Integrates Mobile-Agent-v3 innovations into Trailblaze while preserving our trail/blaze architecture. Key decisions:

  • Tiered model approach: Frontier models for vision/reasoning, mini models for text-only planning. No fine-tuned models (e.g., GUI-Owl) — frontier models improve over time without maintenance.
  • “Blaze once, trail forever”: After exploration, the recorded trail executes with zero LLM calls, making CI/CD runs free at any scale.

Deployment Architecture

Host Mode (Development)

Agent runs on the desktop machine, controls devices remotely via ADB/XCTest/DevTools.

Use cases: Local development, recording new trails, interactive testing.

Remote Device Farm Mode (CI/CD)

Agent runs on the Android device inside the test APK. Same trailblaze-agent code, different execution context.

Why: Remote device farms (Firebase Test Lab, AWS Device Farm) only provide the device — no external host process. Test APKs must be self-contained.

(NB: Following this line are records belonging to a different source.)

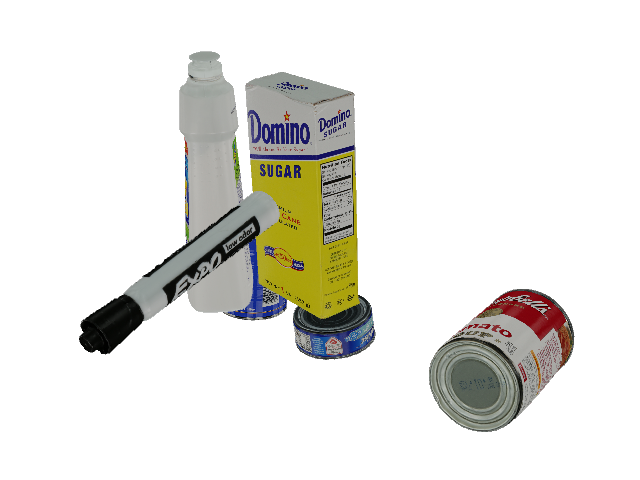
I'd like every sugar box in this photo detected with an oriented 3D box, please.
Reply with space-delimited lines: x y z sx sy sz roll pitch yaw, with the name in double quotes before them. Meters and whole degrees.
"sugar box" -0.014 -0.036 0.837 0.048 0.176 0.093 -21 29 -32

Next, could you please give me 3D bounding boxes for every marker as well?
"marker" -0.065 0.014 0.499 0.020 0.020 0.120 0 31 47

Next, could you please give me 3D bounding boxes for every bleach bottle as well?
"bleach bottle" -0.104 -0.060 1.028 0.068 0.251 0.102 -4 28 -5

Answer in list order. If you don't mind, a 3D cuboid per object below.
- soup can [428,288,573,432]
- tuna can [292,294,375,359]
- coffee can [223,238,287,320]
"soup can" 0.125 0.081 0.735 0.069 0.068 0.102 0 16 33
"tuna can" 0.014 0.088 1.127 0.086 0.034 0.086 -6 27 3
"coffee can" -0.096 0.028 1.521 0.103 0.140 0.103 2 23 -1
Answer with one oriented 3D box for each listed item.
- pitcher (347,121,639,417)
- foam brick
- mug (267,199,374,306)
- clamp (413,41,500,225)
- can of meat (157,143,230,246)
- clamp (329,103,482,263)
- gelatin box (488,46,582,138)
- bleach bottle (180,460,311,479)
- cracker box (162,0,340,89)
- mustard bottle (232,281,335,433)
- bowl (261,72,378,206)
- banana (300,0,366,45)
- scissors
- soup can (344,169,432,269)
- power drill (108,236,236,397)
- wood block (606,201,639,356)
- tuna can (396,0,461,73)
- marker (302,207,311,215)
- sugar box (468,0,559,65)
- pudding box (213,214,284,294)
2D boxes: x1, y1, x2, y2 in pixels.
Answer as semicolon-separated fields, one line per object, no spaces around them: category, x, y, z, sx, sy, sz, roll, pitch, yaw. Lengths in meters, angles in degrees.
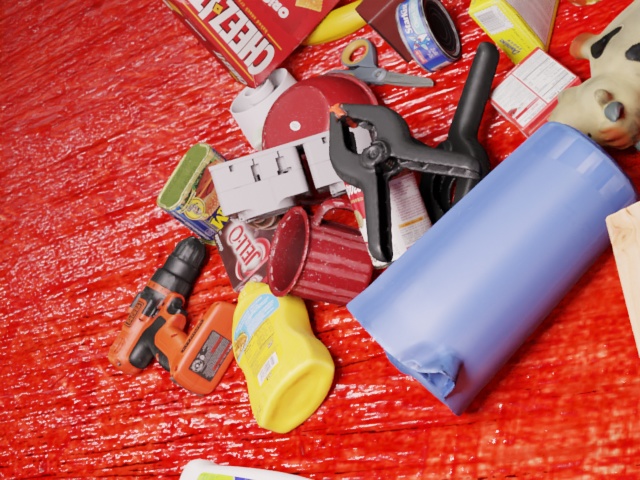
pitcher;0.146;0.017;0.907;0.243;0.145;0.149;-46;61;1
foam brick;0.089;-0.256;1.247;0.051;0.078;0.053;-45;36;11
mug;0.007;0.011;1.069;0.117;0.081;0.093;-65;26;23
clamp;0.135;-0.089;1.061;0.165;0.036;0.210;-49;33;36
can of meat;-0.141;-0.058;1.320;0.058;0.083;0.102;14;69;52
clamp;0.066;-0.073;0.949;0.120;0.039;0.171;-33;55;9
gelatin box;0.213;-0.142;1.049;0.073;0.030;0.089;-43;35;9
bleach bottle;-0.027;0.247;0.942;0.251;0.068;0.102;-10;52;40
cracker box;-0.070;-0.324;1.341;0.213;0.164;0.072;-48;31;-6
mustard bottle;-0.048;0.102;1.095;0.096;0.058;0.192;-56;32;19
bowl;-0.012;-0.123;1.214;0.162;0.055;0.162;-11;71;33
banana;0.004;-0.288;1.404;0.198;0.037;0.069;8;67;51
scissors;0.074;-0.210;1.275;0.202;0.016;0.096;-2;58;47
soup can;0.067;-0.031;1.022;0.068;0.102;0.068;-20;2;1
power drill;-0.155;0.089;1.230;0.188;0.057;0.184;18;76;56
wood block;0.276;0.064;0.743;0.091;0.090;0.206;-29;40;28
tuna can;0.121;-0.231;1.182;0.034;0.086;0.086;-24;43;30
marker;-0.008;0.001;1.175;0.020;0.020;0.121;-41;36;14
sugar box;0.213;-0.281;1.119;0.048;0.093;0.176;-14;49;42
pudding box;-0.070;0.005;1.224;0.090;0.039;0.113;-44;35;12
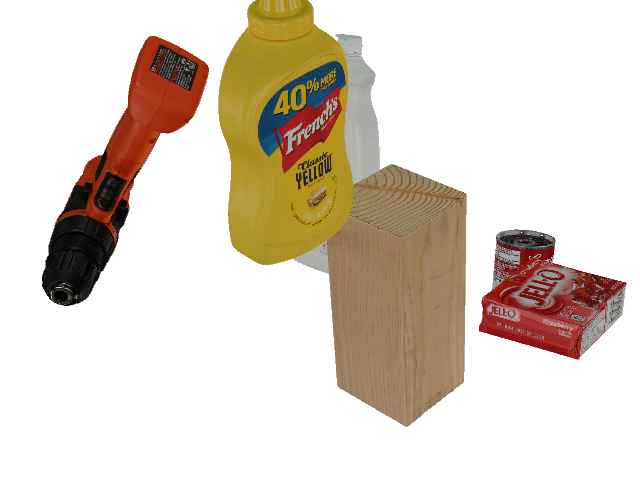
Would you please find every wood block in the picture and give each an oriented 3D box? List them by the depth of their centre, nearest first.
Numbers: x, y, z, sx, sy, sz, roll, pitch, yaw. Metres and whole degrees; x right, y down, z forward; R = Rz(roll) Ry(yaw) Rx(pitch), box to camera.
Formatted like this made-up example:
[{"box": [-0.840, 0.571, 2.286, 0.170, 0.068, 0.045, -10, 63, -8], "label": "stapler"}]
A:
[{"box": [0.070, 0.050, 0.959, 0.091, 0.206, 0.090, 26, 44, 38], "label": "wood block"}]

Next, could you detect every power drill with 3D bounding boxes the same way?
[{"box": [-0.160, -0.057, 0.853, 0.057, 0.188, 0.184, 27, 32, -17], "label": "power drill"}]

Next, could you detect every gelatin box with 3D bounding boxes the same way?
[{"box": [0.163, 0.045, 0.746, 0.073, 0.030, 0.089, 16, 26, 31], "label": "gelatin box"}]

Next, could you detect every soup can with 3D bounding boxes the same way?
[{"box": [0.235, 0.045, 1.247, 0.068, 0.102, 0.068, 2, 17, -1], "label": "soup can"}]

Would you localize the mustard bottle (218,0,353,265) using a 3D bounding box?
[{"box": [-0.022, -0.082, 0.697, 0.096, 0.192, 0.058, -31, 45, -32], "label": "mustard bottle"}]

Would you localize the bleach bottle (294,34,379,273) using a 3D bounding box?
[{"box": [0.025, -0.092, 1.148, 0.103, 0.251, 0.067, 18, 20, 38], "label": "bleach bottle"}]

Component Host Mode Remote Device Farm Mode
MultiAgentV3Runner Desktop JVM Android JVM (in APK)
SamplingSource LocalLlmSamplingSource KoogLlmSamplingSource
UiActionExecutor Remote (ADB) Local (UIAutomator)
LLM Access Direct HTTP Direct HTTP

Tiered Model Strategy

Tier Models Use For Cost Impact
Frontier Claude Sonnet 4.5, GPT-5 Screen analysis, complex decisions HIGH (every iteration)
Mid-Tier Claude Haiku 4.5, GPT-4.1 General reasoning, fallback MEDIUM
Mini GPT-4.1-mini, GPT-5-mini Task planning, decomposition (text-only) LOW (once + replans)
Zero Cost Trail mode (recordings), Reflection (heuristic) CI/CD execution ZERO

Configured via BlazeConfig.analyzerModel (vision, called every iteration) and BlazeConfig.plannerModel (text-only, called at start + replans).

Value Proposition: Blaze Once, Trail Forever

Aspect Mobile-Agent-v3 Trailblaze
Every execution LLM calls required Zero LLM (trail mode)
CI/CD at scale Linear cost growth Constant $0
Determinism Non-deterministic 100% reproducible
Speed 2-5s per action ~100ms per action (recordings)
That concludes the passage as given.